Johnson sealed Patel’s fate with his own disdain for bureaucrats - GulfToday

Johnson sealed Patel’s fate with his own disdain for bureaucrats

Andrew Grice

Political columnist for The Independent.

Political columnist for The Independent.

Priti Patel

Priti Patel

Normally, a “three strikes and you’re out” rule would appeal to Priti Patel, as the home secretary is a hardliner on law and order. She will be rather less in favour of the maxim today, after allegations that she bullied civil servants in a third government department surfaced.

It was inevitable other officials would emerge from the Whitehall woodwork after last weekend’s dramatic resignation by Philip Rutnam as permanent secretary at the Home Office. There have since been claims that Patel also bullied civil servants at the Department for Work and Pensions (DfID) and the Department for International Development. She denies all the allegations.

One DfID official told me at the time that her attitude towards her staff was, “You’re all useless.” Another said: “She was interested in her own career; she wasn’t interested in the department.” Her officials felt she misled them over her infamous “holiday” to Israel, which forced her resignation because she had secret meetings with senior Israeli figures.

Boris Johnson knew all about the Israel controversy because he was foreign secretary at the time. (Patel privately blamed her downfall on leaks from Foreign Office officials). However, when it came to forming his cabinet last July, Patel ticked several boxes: he trusted her, having spent time with her on the Vote Leave battle bus in 2016; her appointment would boost diversity on two fronts; and she was hardline on crime, an issue on which Johnson believed the Tories had lost their way under Theresa May’s premiership.

As Patel clings on to her job by her fingernails, Johnson has an agonising dilemma. He would like to stand by her, but her continued presence will ensure more damaging headlines. Even in a less high-profile post, there is no guarantee that her alleged treatment of civil servants would change. More officials would likely feel emboldened to speak out. Johnson may eventually judge cutting her loose as the lesser of two evils: if Rutnam were then persuaded to drop his unfair dismissal claim, it might spare the government a highly embarrassing employment tribunal.

But if Johnson were to force her out, it would reflect badly on his own judgement in appointing her to such a big job in which she has looked out of her depth. Her media appearances have had to be rationed.

Characteristically, the feisty Patel is not going to go down without a fight. Her allies claim that sections of the civil service are trying to undermine the home secretary, and that “dark forces” are trying to influence the Cabinet Office inquiry into her conduct at the Home Office. This is yet another example of the Johnson government taking a leaf out of the Trump playbook, in an echo of the president’s equally ludicrous conspiracy theory about a “deep state” in Washington undermining his administration.

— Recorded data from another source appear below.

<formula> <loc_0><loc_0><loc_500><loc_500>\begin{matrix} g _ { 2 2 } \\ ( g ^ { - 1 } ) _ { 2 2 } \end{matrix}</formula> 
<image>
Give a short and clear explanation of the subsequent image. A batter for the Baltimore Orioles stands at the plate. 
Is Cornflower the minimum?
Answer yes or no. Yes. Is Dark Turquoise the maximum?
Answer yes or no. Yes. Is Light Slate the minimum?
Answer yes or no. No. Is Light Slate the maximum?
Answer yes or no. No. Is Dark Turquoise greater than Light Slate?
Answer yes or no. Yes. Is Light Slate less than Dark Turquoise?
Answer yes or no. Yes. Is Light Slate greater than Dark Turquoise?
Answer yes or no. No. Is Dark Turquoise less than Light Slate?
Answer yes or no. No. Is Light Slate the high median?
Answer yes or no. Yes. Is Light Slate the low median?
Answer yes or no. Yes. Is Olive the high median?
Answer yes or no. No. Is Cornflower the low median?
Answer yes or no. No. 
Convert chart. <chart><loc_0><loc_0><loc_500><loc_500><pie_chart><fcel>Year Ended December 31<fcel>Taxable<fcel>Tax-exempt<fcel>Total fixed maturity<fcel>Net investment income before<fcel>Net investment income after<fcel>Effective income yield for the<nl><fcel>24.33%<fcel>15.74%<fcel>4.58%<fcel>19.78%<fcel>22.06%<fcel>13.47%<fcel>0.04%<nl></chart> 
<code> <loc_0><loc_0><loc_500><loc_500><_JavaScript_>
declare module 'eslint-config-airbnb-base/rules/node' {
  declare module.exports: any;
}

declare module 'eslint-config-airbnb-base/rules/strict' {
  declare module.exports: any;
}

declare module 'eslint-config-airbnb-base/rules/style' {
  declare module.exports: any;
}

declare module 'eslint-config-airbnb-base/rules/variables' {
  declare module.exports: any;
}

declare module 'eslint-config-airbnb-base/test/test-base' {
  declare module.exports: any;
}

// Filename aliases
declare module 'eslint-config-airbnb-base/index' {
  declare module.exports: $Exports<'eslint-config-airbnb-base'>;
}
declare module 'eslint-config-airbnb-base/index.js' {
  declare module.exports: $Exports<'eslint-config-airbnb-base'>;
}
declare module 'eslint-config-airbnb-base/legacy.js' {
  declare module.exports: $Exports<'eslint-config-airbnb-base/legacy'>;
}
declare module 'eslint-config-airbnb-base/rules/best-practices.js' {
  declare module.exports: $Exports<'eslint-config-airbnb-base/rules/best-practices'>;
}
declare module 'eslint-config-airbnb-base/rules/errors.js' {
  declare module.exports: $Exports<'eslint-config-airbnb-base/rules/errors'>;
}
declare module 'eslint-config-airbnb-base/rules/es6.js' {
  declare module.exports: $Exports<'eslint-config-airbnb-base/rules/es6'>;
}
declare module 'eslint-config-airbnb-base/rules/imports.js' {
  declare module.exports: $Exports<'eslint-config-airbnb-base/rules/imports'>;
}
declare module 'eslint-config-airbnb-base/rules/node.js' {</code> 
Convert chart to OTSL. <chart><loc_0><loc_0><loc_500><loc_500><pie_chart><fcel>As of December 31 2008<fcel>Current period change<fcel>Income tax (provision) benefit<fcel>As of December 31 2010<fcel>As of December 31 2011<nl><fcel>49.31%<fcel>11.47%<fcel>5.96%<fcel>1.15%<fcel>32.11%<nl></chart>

In politics, you reap what you sow. You cannot run a department of 35,000 civil servants, such as the Home Office, with three trusted special advisers. The Johnson government needs to put its Trump-like paranoia to one side and work with officials, the overwhelming majority of whom want to deliver for the government of the day, whatever its political hue.

After the latest allegations about her time at DfID, there are signs that support for Patel in her own party is waning. At lunchtime on Monday, Downing Street ruled out an inquiry into her behaviour. By 3.30pm, one had been announced. Some Tory backbenchers who loyally parroted lines from the whips in support of her in the Commons on Monday privately wonder if they did the right thing.

Ministers cannot claim to be determined to stamp out the bullying of parliamentary staff and yet remain judge and jury when such allegations are made against fellow ministers. Nor should the fate of a minister whose career hangs by a thread be decided on the basis of which side of the Brexit divide they were on.